Alfonso Reyes es, en sí mismo, un género literario. Su inmensidad ha trascendido eras imaginarias. Desde su juventud dio muestras de su temperamento insurgente, cuando renunció a ser secretario particular de Victoriano Huerta pese a la insistencia de su hermano Rodolfo, entonces ministro de Justicia.

Habitante de la literatura, procuró sustraerse del influjo de la Revolución. Para zanjar el peligro de sucumbir ante la tentación de Siracusa, abandonó el país por largos periodos, en ocasiones con el respaldo de Relaciones Exteriores y otras valiéndose de su espíritu aventurero. Cultivó la lectura y cosechó un grado de erudición casi inconcebible; y logró conjugar en la palabra escrita la minuciosidad del ensayista, la lucidez del narrador y la mirada resiliente del poeta.
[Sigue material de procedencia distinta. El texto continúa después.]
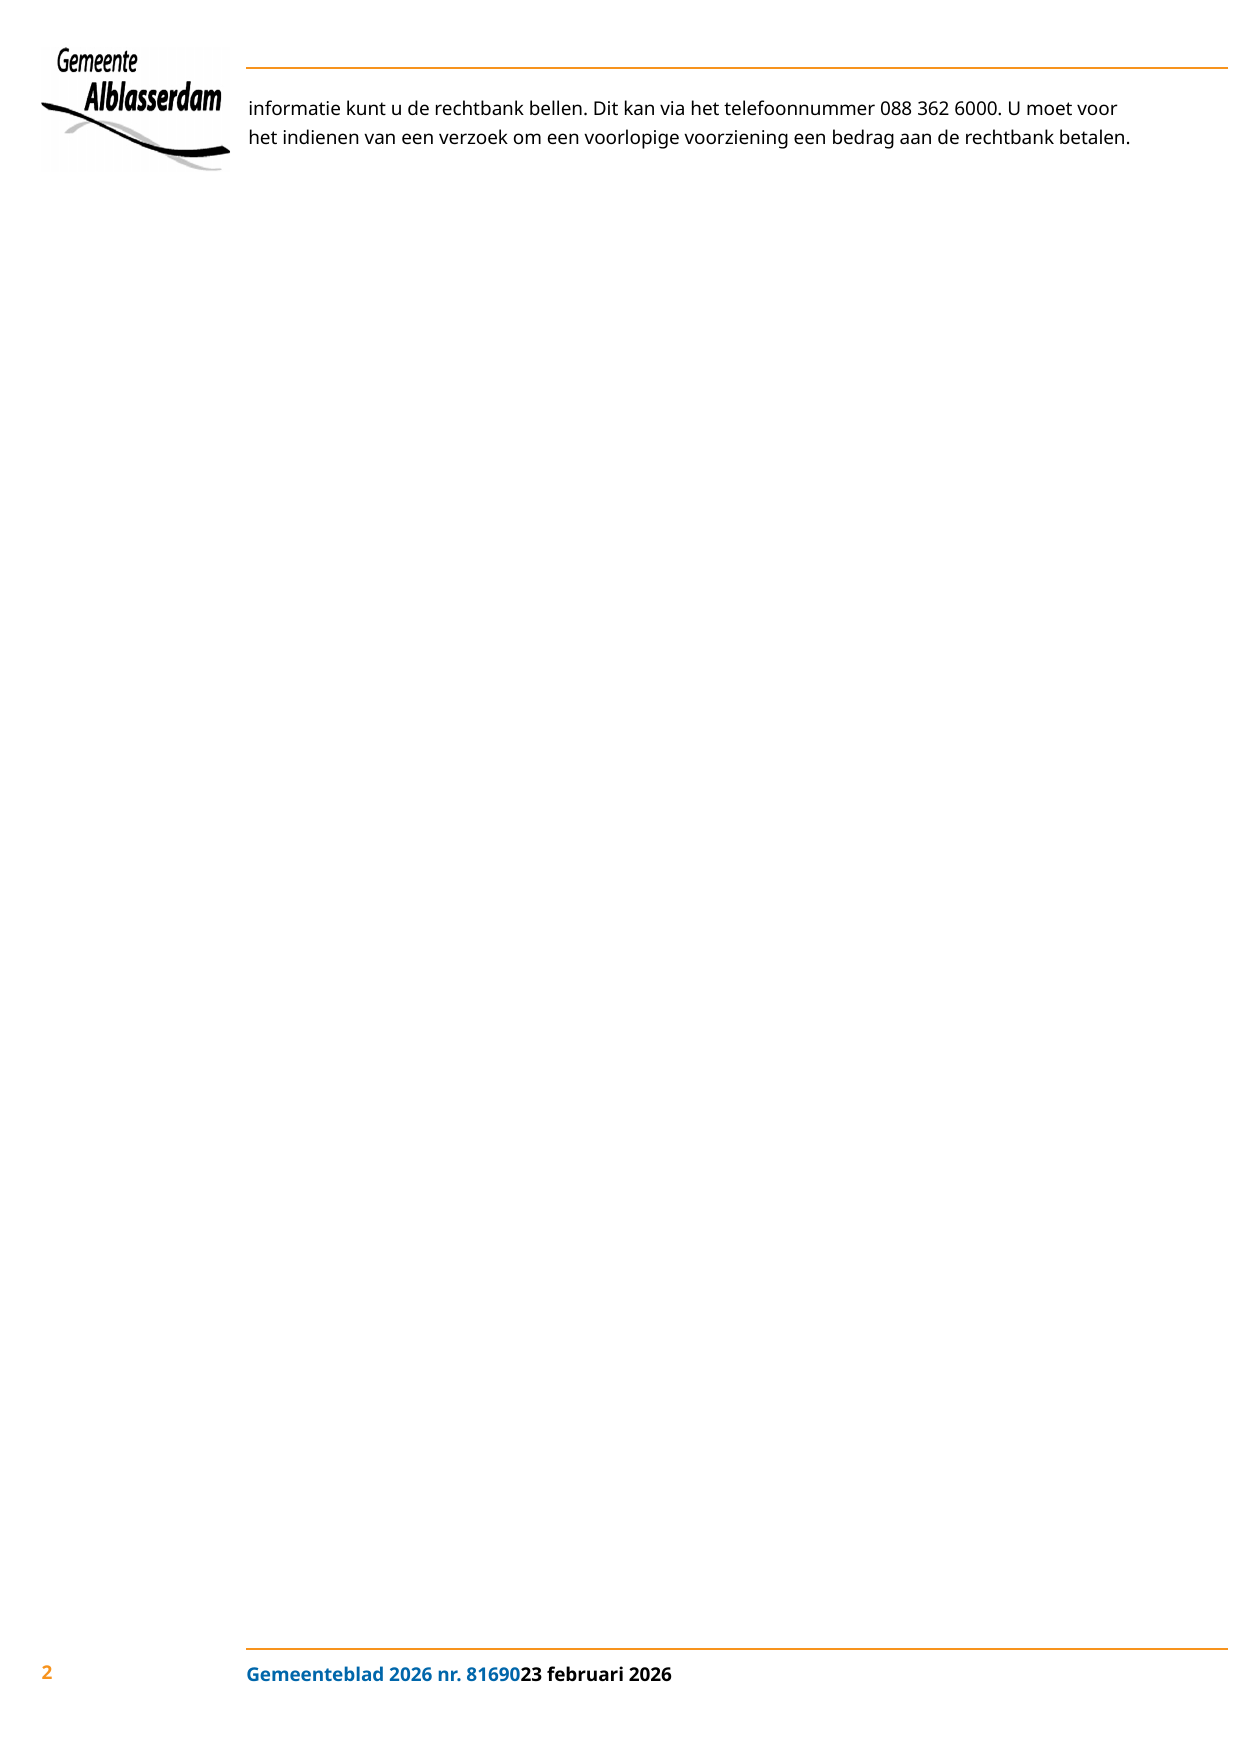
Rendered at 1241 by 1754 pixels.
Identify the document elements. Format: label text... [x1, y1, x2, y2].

text informatie kunt u de rechtbank bellen. Dit kan via het telefoonnummer 088 362 6000. U moet voor het indienen van een verzoek om een voorlopige voorziening een bedrag aan de rechtbank betalen. [248, 95, 1152, 150]
picture [41, 47, 231, 172]

Nacido bajo el signo de la insumisión, se negó a escribir sobre la muerte de su padre, Bernardo Reyes, hasta que habían transcurrido 17 años de la Decena Trágica. Entonces confeccionó su Oración del 9 de febrero, una de las elegías más conmovedoras del siglo XX: “Discurrí que estaba ausente mi padre (…)y, de lejos, me puse a hojearlo como solía. Más aún: con más claridad y con más éxito que nunca. Logré traerlo junto a mí a modo de atmósfera, de aura. Aprendí a preguntarle y a recibir sus respuestas. A consultarle todo”.

En los 40 se radicó en México y las nuevas generaciones de escritores lo convirtieron en su consejero. Fue Reyes quien llevó a cabo las correcciones finales a la primera edición de Libertad bajo palabra. El propio Octavio Paz aseguró, cuando recibió el premio Xavier Villaurrutia en 1956, que sin la obra de Reyes, su ensayística no hubiera encontrado su forma.

En la cumbre de su trayectoria, Reyes fundó la Casa de España —hoy Colegio de México— para acoger a los académicos del exilio republicano. Pasó sus últimos años instalado en la colonia Condesa, donde continuó su labor intelectual y erigió un santuario consagrado al saber, compuesto de libros, cartas, arte y demás curiosidades. Él mismo describió entusiasmado su nuevo hogar: “Mi casa, hecha con el esfuerzo de toda mi vida, para dar asilo conveniente a mis libros… ya está aquí el salón especial para recibirlos, que hace esquina a Industria y Tacámbaro, de dos pisos con mezzanine. Arriba, en un volado del piso, estará mi escritorio. Tengo luz cenital, ventanitas alargadas en todos los nichos que dan a la calle, y una gran vidriera al lado de mi escritorio, que recorre los dos pisos. No puedo creer a mis ojos”.

Reyes murió el 27 de diciembre de 1959 dejando tras de sí un legado imperecedero. Al paso de los años, el Fondo de Cultura Económica se dio a la titánica tarea de continuar la edición de sus Obras Completas. Lo cierto es que los 25 volúmenes que componen la colección están lejos de cumplir su propósito, a pesar de que la editorial ha intentado complementar su proyecto con la publicación de algunos libros sueltos y de los Diarios, cuyo quinto tomo no ha visto la luz aun cuando el sexto y el séptimo ya están disponibles.

Hay todavía muchos senderos por explorar en los trabajos del gran ateneísta. Sin embargo, su intención póstuma de construir un espacio dedicado a la lectura y la reflexión no se ha consolidado. Si bien su última residencia se convirtió en un centro cultural bautizado como Capilla Alfonsina, éste no ha logrado su cometido, y hoy apenas funciona como archivo muerto.

Miles de documentos alfonsinos se empolvan entre las paredes del recinto que parece condenado a la indiferencia de los lectores y de las dependencias culturales. Para combatirla, invito a los curiosos a visitar la Capilla, ahí podrán descubrir al Alfonso Reyes conversador, a través de su correspondencia inédita con personajes tan apasionantes como Miguel Ángel Asturias, Henri Bergson, Adolfo Bioy Casares, Nellie Campobello, Rómulo Gallegos, Federico García Lorca, Vicente Huidobro, José Lezama Lima, Pablo Neruda, Luigi Pirandello, Ernesto Sábato, Saint-John Perse e Igor Stravinsky.